Our results for the Lyon metropolitan area support previous observations from the area of Strasbourg (North-East France) where the relationship between the deprivation index and air pollution was shown to be non-linear, with the midlevel deprivation areas being the most exposed to traffic-related air pollution (Havard et al., 2009). Due to its valleys in the west side of the Saône and Rhône rivers, historically, the dense housing sectors have developed in the more deprived Eastern part of the metropolitan area where the housing market is less expensive. While the close East and South suburbs host the most deprived neighborhoods, intermediate social categories reside in the city districts where the traffic is dense and NO2 concentrations is higher. The favored population mostly dwells in the valleys of the West side of the Saone and Rhône rivers, which are less polluted areas, with large green spaces and rather easy access to the city center. Lyon is an attractive metropolitan area with major industries in pharmacy, mechanics and automotive, textile and more recently the environment sector (Fabriès-Verfaillie et al., 2000).

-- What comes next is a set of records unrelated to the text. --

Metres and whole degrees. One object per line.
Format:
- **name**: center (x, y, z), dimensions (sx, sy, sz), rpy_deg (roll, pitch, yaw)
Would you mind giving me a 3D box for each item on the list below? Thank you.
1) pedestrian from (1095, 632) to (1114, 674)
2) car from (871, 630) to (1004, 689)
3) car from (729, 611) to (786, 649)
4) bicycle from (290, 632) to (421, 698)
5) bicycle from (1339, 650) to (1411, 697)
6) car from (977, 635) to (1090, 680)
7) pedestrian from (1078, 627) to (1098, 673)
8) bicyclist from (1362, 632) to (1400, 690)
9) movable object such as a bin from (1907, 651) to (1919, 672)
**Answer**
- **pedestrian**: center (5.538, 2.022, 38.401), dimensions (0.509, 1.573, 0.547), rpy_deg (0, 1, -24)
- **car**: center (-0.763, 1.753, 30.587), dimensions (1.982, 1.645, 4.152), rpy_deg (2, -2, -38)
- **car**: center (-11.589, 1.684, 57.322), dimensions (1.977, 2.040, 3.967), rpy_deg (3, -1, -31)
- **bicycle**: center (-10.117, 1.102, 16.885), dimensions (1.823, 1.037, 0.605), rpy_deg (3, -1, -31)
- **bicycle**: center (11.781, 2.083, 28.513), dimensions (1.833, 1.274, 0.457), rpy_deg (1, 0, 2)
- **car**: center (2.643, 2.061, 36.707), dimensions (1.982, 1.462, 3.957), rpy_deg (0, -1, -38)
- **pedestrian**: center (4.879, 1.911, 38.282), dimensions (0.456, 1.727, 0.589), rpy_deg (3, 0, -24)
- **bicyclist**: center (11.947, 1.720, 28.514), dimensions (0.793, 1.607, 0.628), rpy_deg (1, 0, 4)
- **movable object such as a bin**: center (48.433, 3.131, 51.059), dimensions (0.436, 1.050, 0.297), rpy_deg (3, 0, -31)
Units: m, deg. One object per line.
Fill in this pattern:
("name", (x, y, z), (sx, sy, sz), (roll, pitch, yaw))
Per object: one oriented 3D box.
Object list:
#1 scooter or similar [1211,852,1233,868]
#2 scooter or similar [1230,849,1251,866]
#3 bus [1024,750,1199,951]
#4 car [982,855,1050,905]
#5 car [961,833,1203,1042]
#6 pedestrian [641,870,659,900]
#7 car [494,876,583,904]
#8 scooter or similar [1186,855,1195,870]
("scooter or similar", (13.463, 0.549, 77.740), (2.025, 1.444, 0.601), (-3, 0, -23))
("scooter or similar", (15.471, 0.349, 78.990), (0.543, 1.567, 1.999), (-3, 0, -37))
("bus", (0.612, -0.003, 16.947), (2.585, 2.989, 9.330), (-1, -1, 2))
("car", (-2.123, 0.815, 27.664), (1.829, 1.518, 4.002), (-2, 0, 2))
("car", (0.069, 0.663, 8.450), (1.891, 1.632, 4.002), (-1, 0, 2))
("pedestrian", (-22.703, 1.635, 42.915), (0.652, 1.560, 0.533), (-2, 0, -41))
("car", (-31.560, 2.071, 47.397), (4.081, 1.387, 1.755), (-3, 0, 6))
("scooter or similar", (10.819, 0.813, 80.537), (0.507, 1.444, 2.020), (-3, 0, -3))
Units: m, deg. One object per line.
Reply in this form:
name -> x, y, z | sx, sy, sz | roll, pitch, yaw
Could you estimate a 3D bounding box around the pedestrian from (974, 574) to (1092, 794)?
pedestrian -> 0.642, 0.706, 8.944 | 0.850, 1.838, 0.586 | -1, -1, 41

Our findings in the Lille and Marseille metropolitan areas show higher NO2 concentrations in deprived sectors. Crouse et al. (2009), in Montreal, found specific neighborhoods that were characterized by a double burden of higher level of deprivation and high concentrations of NO2. Yanosky et al (2008), in Massachusetts, found that, after controlling for spatial autocorrelation, deprived areas were significantly associated with traffic related air pollutants, including nitrogen dioxide. In both Rijnmond (The Netherlands), according to Kruize et al. (2007) and in Leeds (UK), according to Mitchell and Dorling et al. (2003) and Namdeo et al. (2008), lower income groups live in places with higher levels of NO2 compared to higher income groups. The Lille metropolitan area also has a strong industrial history, based on coal, steel and textile. People live in the major cities close to their workplace. Since the postwar period, the region has faced serious infrastructural problems and an acute economic and social crisis, with only the textile industries remaining active. Presently, Lille is heading towards a tertiary future, taking advantage of its position close to the Benelux and the UK (Fabriès-Verfaillie et al., 2000). The port of Marseille is the largest in France and in the Mediterranean area and steel and petrochemical industries are present, with a relatively large proportion of blue collars and poor employees in the workforce.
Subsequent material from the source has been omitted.